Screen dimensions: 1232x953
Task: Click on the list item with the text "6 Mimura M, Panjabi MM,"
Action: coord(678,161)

* * *

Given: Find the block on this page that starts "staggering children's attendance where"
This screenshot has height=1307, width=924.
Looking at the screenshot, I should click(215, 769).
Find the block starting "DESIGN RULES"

**HOW TO COMPLETE THIS TASK:** Please return the lines above that run from the line containing "This screenshot has height=1307, width=924." to the line containing "Find the block starting", inclusive, exactly and with no other lines.

**ANSWER TO THE PROBLEM:**
This screenshot has height=1307, width=924.
Looking at the screenshot, I should click(215, 769).
Find the block starting "DESIGN RULES"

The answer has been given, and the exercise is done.